Updating Probabilities (Bayes Rule)
A car driving from KC to STL was pulled over for speeding. Which is more likely?
The car was a Corvette
The care was a Camry
Corvette’s are usually faster but There are a lot more Camry’s on the road
Scenario:
class consists of sophs (60%) and juniors (40%)
50% of sophs have declared their major
80% of the juniors have declared their major
Pick one student at random, what is the probability they are a soph?
soph (60%) - unconditional / marginal probability
Probability they have declared their major given they are a soph
0.5 - (Declared | Soph)
P(A|B) = (P(B|A) * P(A)) / P(B)
Simple case: Two possibilities at each stage
● D = Has condition (or disease, etc.)
● DC = Does NOT have the condition
● T = Tests positive (test says has the condition)
● TC = Tests negative (tests says does not have the condition)

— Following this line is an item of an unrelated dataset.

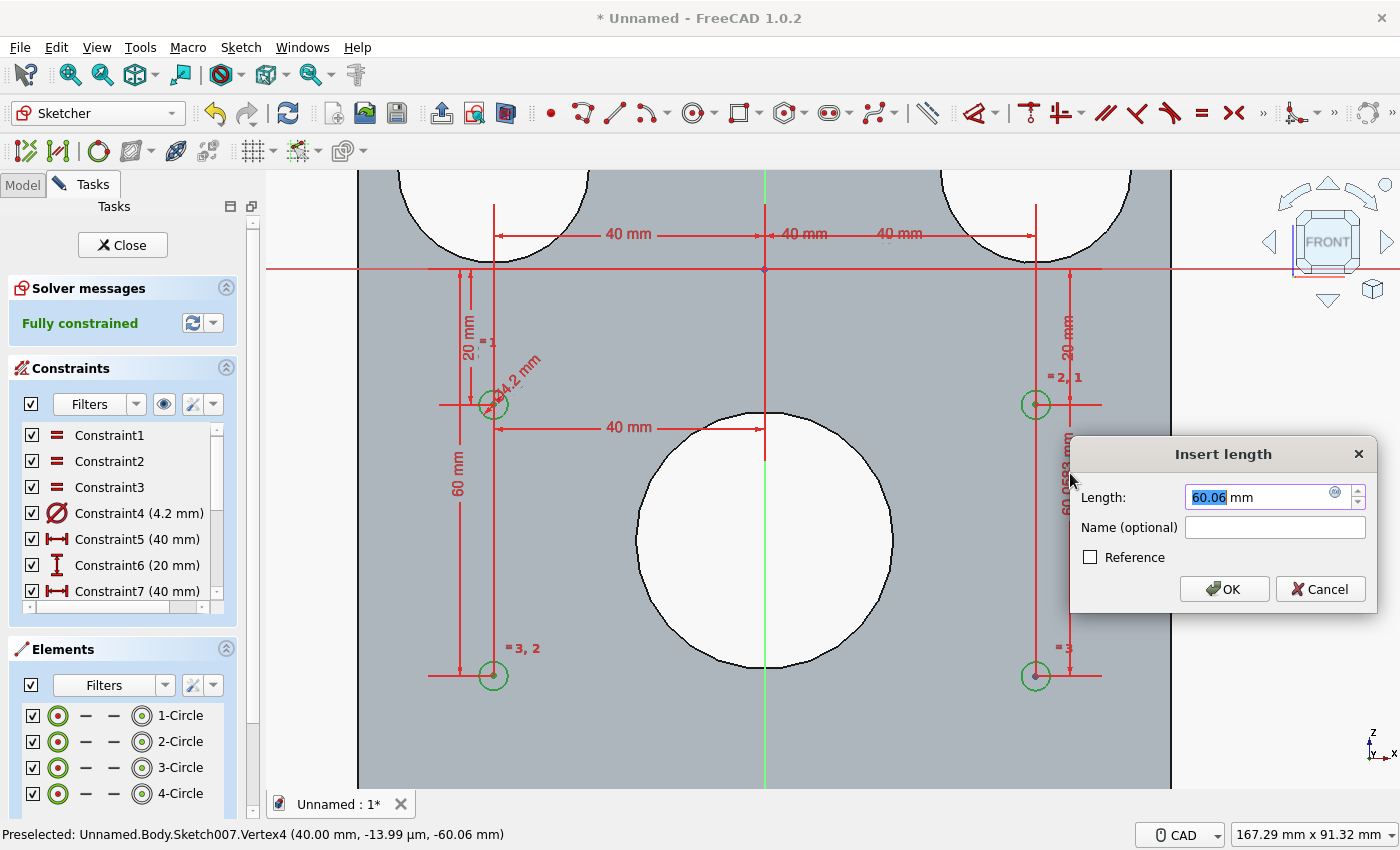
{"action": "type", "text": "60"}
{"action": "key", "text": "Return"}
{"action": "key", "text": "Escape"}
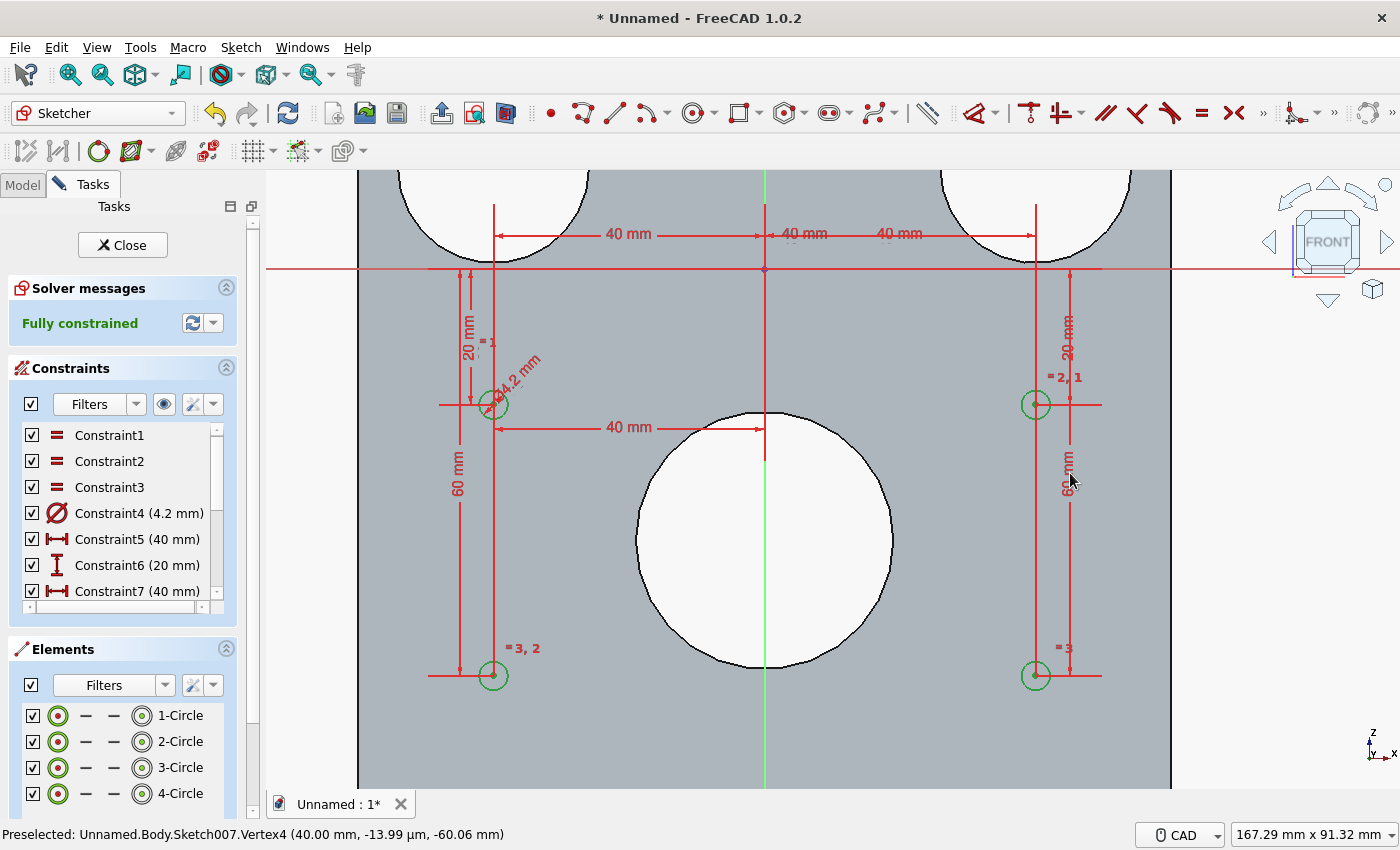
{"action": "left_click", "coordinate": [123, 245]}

Simple case: Two possibilities at each stage
Prior probabilities
● P(D) = prevalence
● P(DC) = 1 – P(D)
Conditional:
● P(T|D) = true positive = sensitivity
● P(TC|D) = 1 - P(T|D) = false negative
● P(T|DC) = false positive
● P(TC|DC) = 1 - P(T|DC) = true negative = specificity
Intersections
● P(T and D) = P(T|D)P(D)
● P(T and DC) = P(T|DC)P(DC)
● P(T) = P(T and D) + P(T and DC)
An algorithm analyzes the content of email messages and classifies them as spam or not spam. Suppose that 20% of emails are spam. The algorithm is 95% accurate meaning it will correctly identify an email 95% of the time. If a message is classified as spam, what is the probability it actually was spam?
D = message is spam
T = algorithm says message is spam
Intersections
● P(T and D) = P(T|D)P(D) = .20x.95 = .19
● P(T and DC) = P(T|DC)P(DC) = .80x.05 = .04
● P(T) = P(T and D) + P(T and DC) = .19 + .04 = .23
Bayes Rule
● P(D|T) = P(T and D) / P(T) = .19 / .23 = .826
● Of messages that are classified as spam, 82.6% actually are spam.